● How to complete this task
Print all the data that follows exactly, images excluded.

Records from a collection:
· · · · · · ·

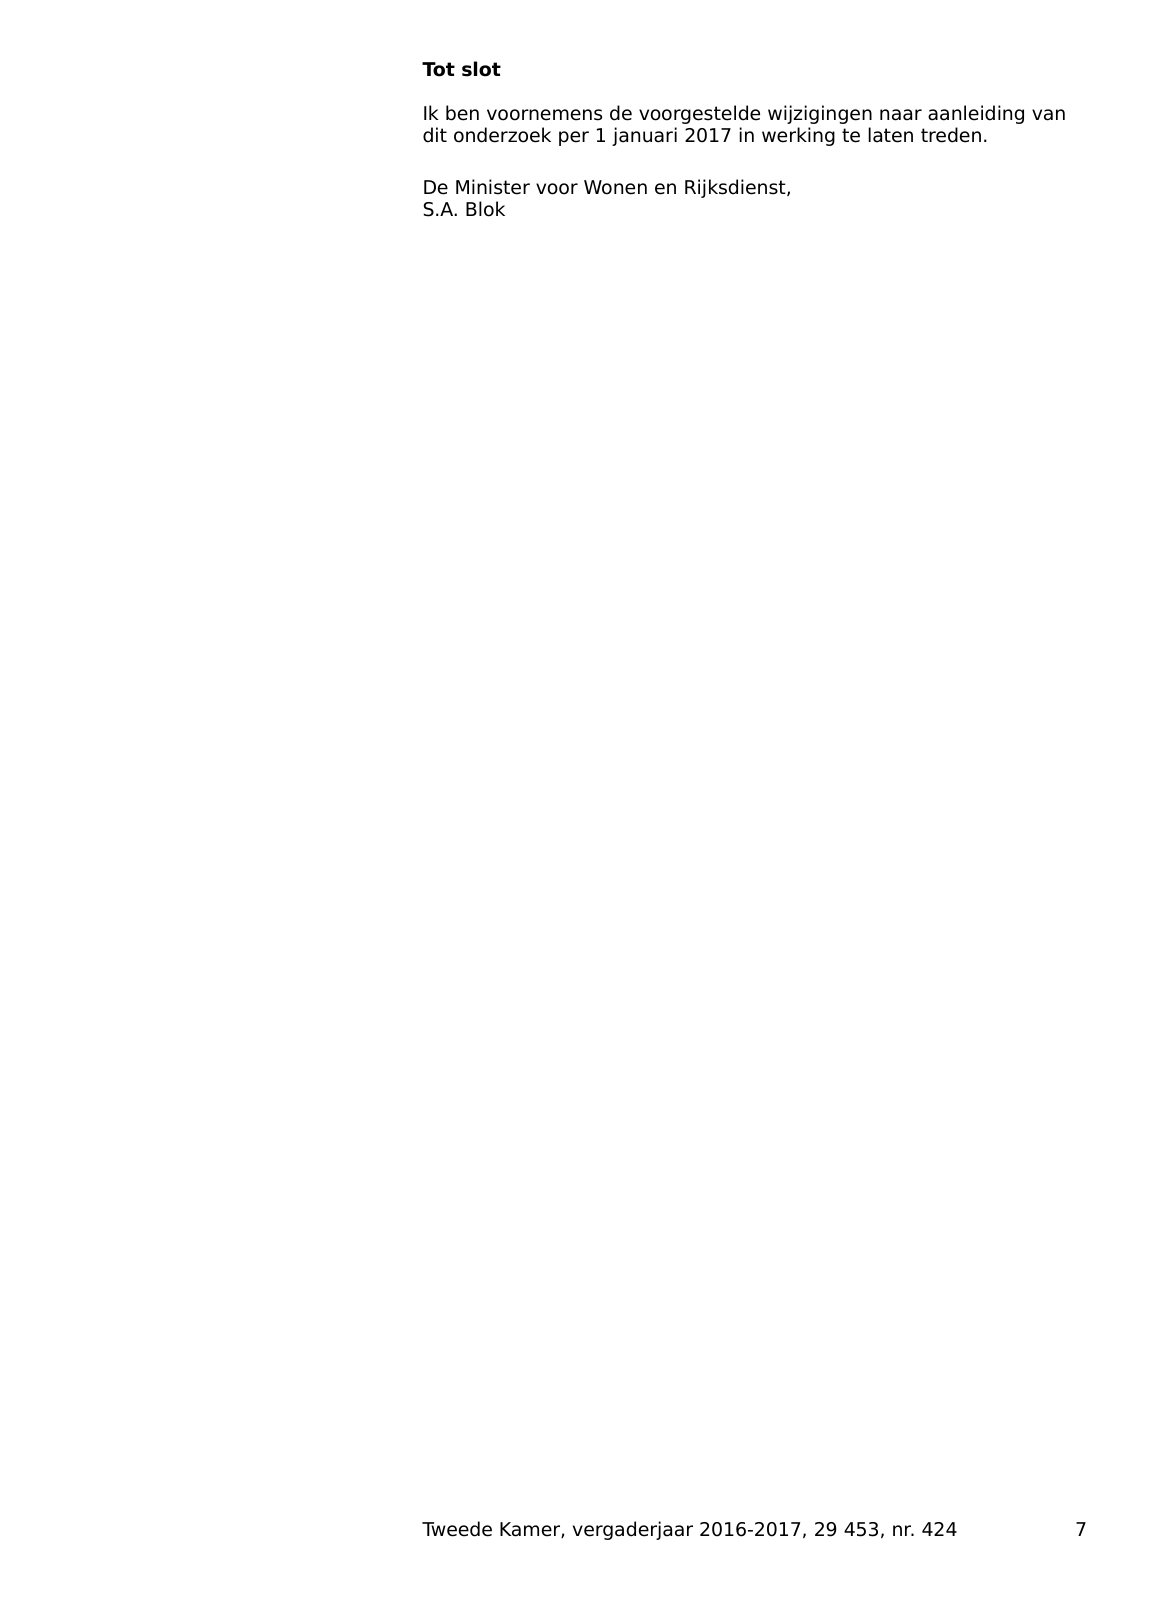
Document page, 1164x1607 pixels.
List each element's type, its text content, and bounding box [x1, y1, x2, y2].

subtitle Tot slot [422, 59, 1087, 81]
text De Minister voor Wonen en Rijksdienst, S.A. Blok [422, 177, 1087, 221]
text Ik ben voornemens de voorgestelde wijzigingen naar aanleiding van dit onderzoek per 1 januari 2017 in werking te laten treden. [422, 103, 1087, 147]

· · · · · · ·

● Finished exercise
Document page, 1164x1607 pixels.
List each element's type, its text content, and bounding box [x1, y1, x2, y2].

subtitle Tot slot [422, 59, 1087, 81]
text De Minister voor Wonen en Rijksdienst, S.A. Blok [422, 177, 1087, 221]
text Ik ben voornemens de voorgestelde wijzigingen naar aanleiding van dit onderzoek per 1 januari 2017 in werking te laten treden. [422, 103, 1087, 147]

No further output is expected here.